Markdown and layout rules
- Keep user-editable pages in Markdown.
- Do not add complex HTML into Markdown pages.
- Use CSS and templates for visual polish where possible.
- Keep dataset pages scannable but not skeletal.
- Prefer stable Markdown structures over one-off visual hacks.
- Use callouts sparingly for important access constraints, limitations, or safety notes.

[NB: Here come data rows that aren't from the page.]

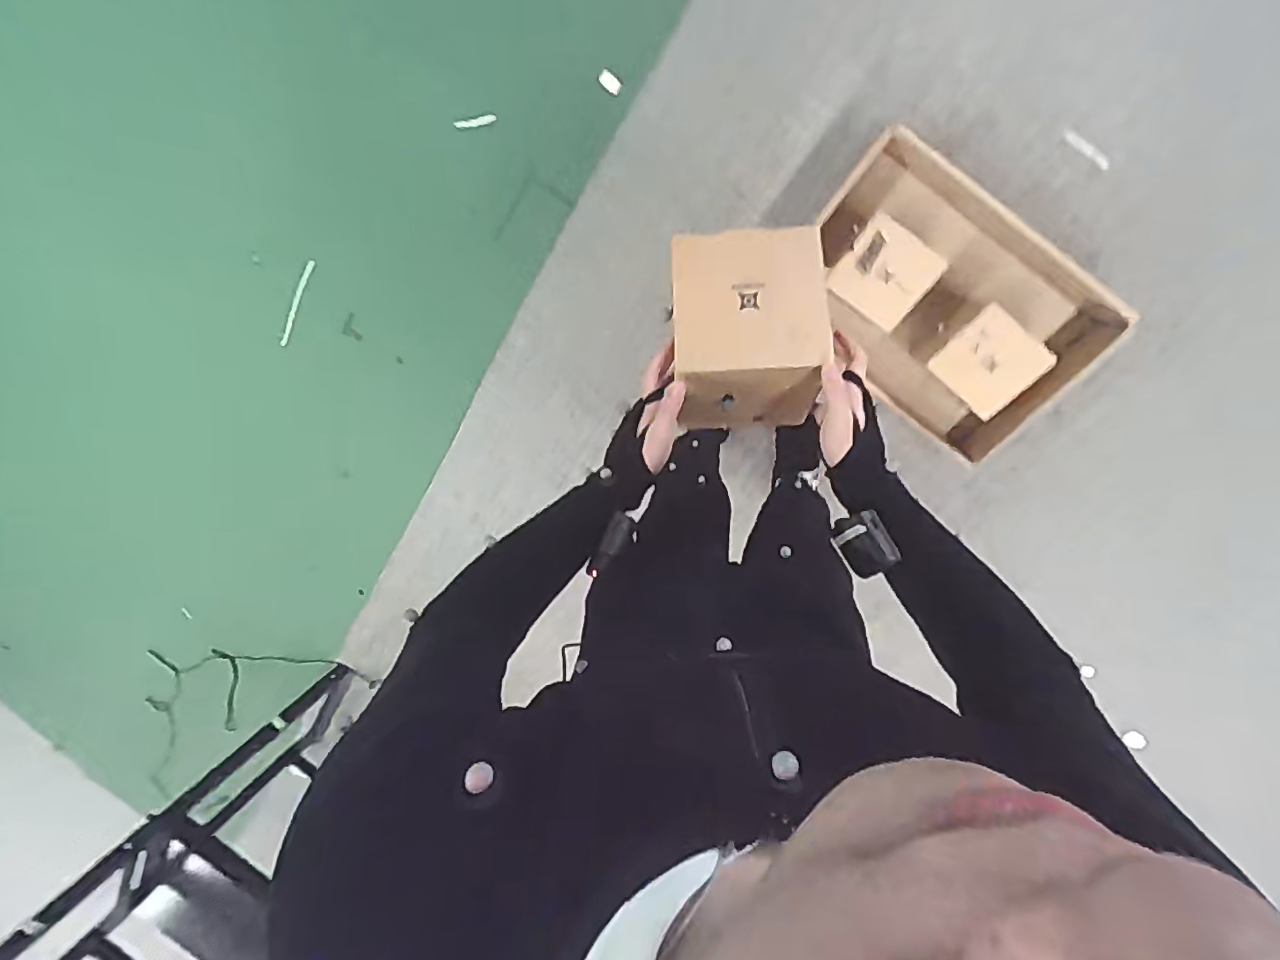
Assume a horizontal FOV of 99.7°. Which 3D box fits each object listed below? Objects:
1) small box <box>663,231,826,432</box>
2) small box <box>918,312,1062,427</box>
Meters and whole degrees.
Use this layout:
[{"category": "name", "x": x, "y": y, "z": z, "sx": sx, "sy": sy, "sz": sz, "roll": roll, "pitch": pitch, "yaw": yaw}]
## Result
[{"category": "small box", "x": 0.118, "y": -0.165, "z": 0.657, "sx": 0.168, "sy": 0.176, "sz": 0.179, "roll": -3, "pitch": 71, "yaw": 6}, {"category": "small box", "x": 0.735, "y": -0.244, "z": 1.158, "sx": 0.179, "sy": 0.176, "sz": 0.168, "roll": 43, "pitch": 114, "yaw": 0}]
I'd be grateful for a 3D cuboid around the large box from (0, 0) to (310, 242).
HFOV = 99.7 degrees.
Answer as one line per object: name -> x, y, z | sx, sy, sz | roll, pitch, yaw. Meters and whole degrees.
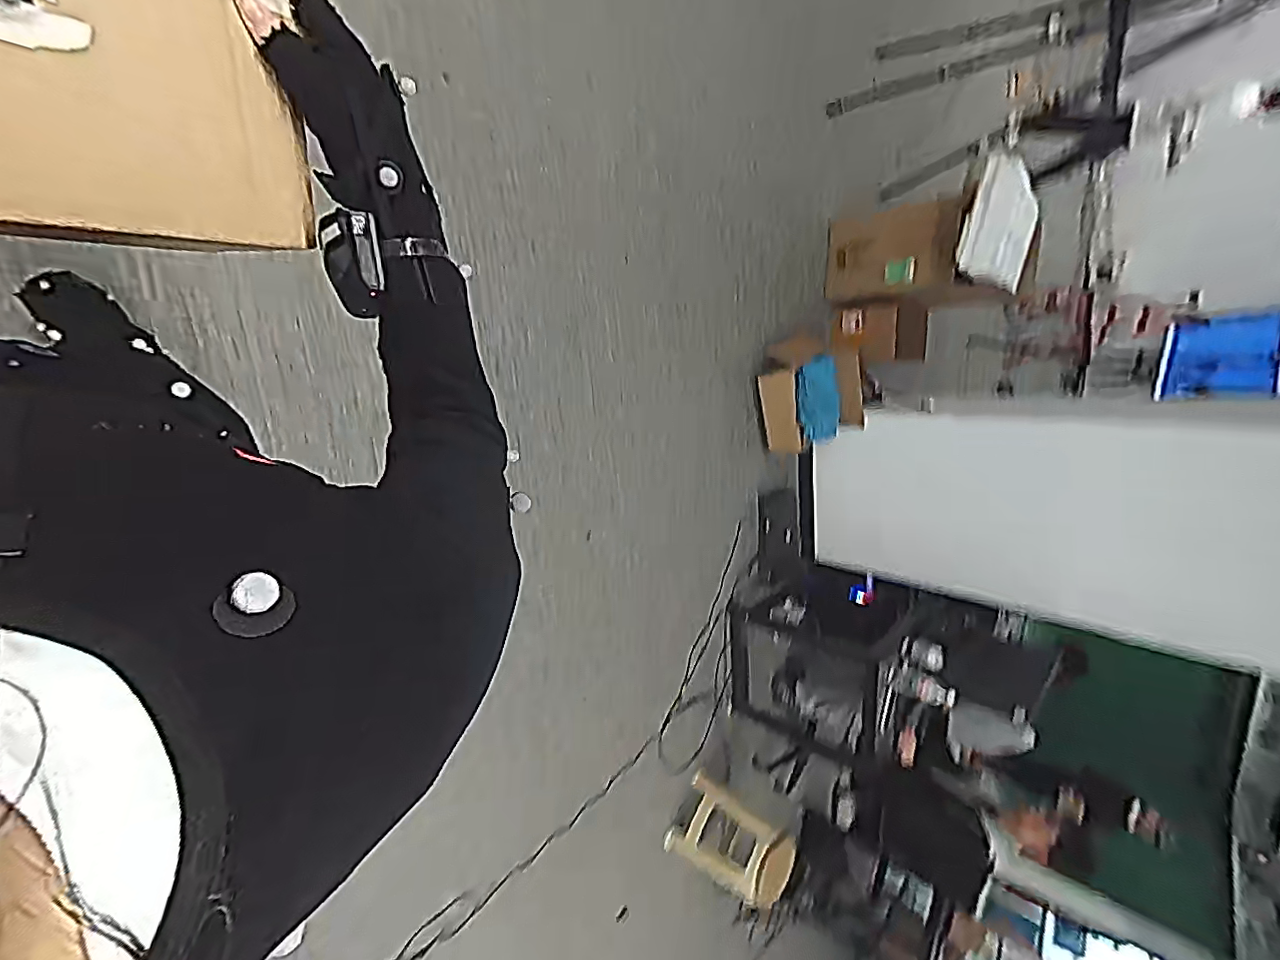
large box -> -0.497, -0.325, 0.326 | 0.408, 0.320, 0.320 | -19, 120, -45
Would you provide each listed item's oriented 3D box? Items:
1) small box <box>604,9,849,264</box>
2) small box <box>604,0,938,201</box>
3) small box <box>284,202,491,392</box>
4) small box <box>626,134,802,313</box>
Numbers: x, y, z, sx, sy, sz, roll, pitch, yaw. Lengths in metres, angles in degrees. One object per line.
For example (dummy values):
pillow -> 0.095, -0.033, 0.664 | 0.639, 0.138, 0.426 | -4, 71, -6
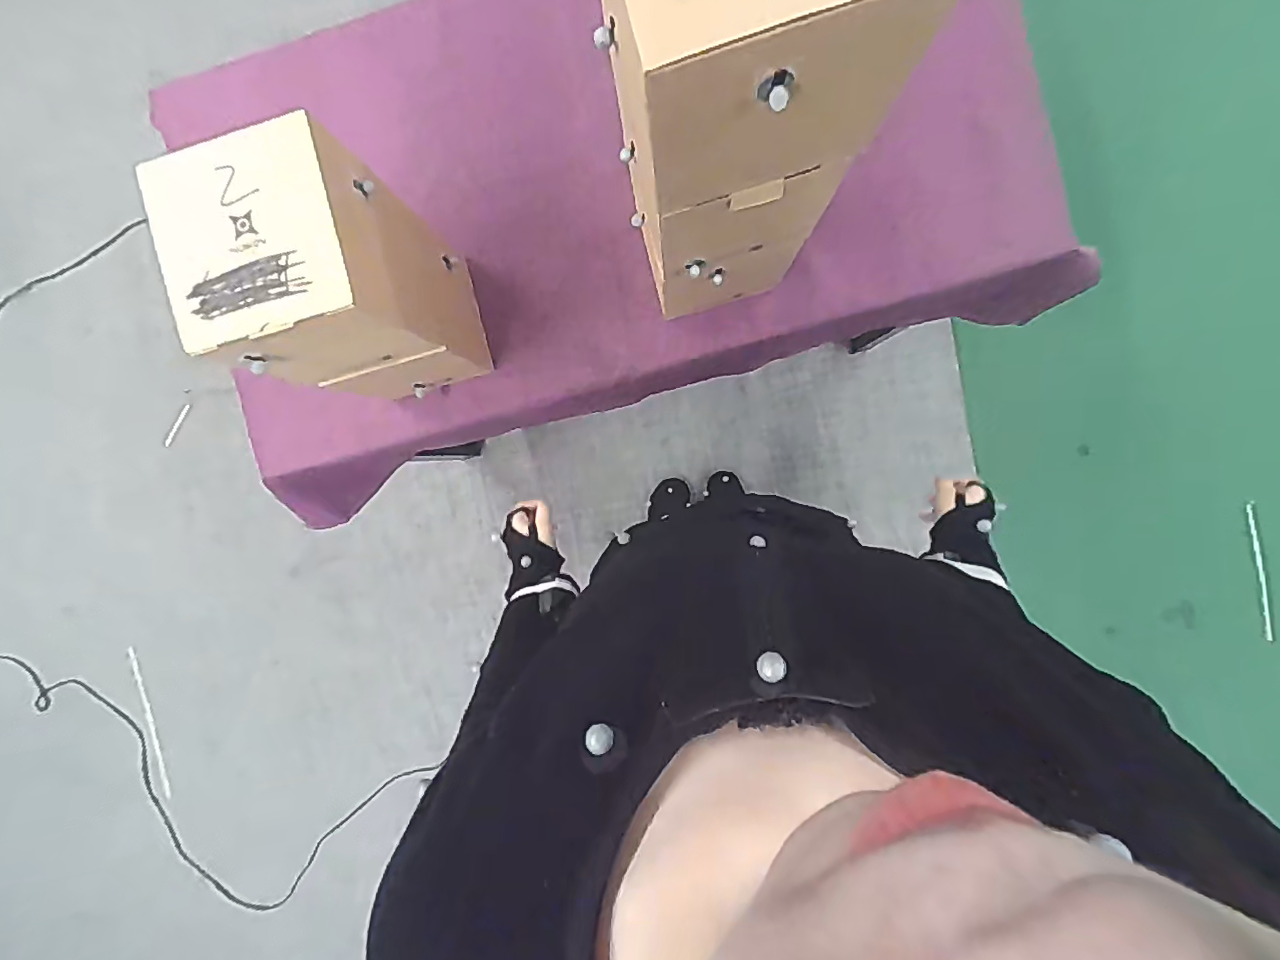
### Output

Small inline HTML can be acceptable for legacy pages, but new work should not depend on custom HTML blocks for basic layout.
Cloud Triangle note
The Data Library should reinforce this division of responsibility:
| Layer | Role |
|---|---|
| GitHub | Scripts, documentation, examples, metadata, and small documentation figures |
| Data source | Public external repositories, APIs, STAC catalogs, cloud buckets, or package-accessed services |
| Compute | The user's laptop, JupyterHub, Google Colab, cloud notebooks, or other analysis environments |
The repository should not store raw datasets, large derived datasets, model outputs, or bulk tabular data.
Accessibility
- Use descriptive link text.
- Provide alt text for meaningful images.
- Keep contrast readable against blue and green backgrounds.
- Make navigation tiles keyboard reachable.
- Do not rely on color alone to communicate access status.
- Keep labels short enough to work on mobile screens.
Maintenance checklist
Before merging a visual or content update, check:
- The page still explains where the data live.
- No credentials, secrets, or key-gated access paths were added as standard entries.
- Navigation labels are practical and short.
- Images have useful alt text.
- Markdown does not contain complex layout HTML.
- Dataset pages still include both R and Python access paths or clearly explain why one is not possible.
- The health check passes or reports only known legacy warnings.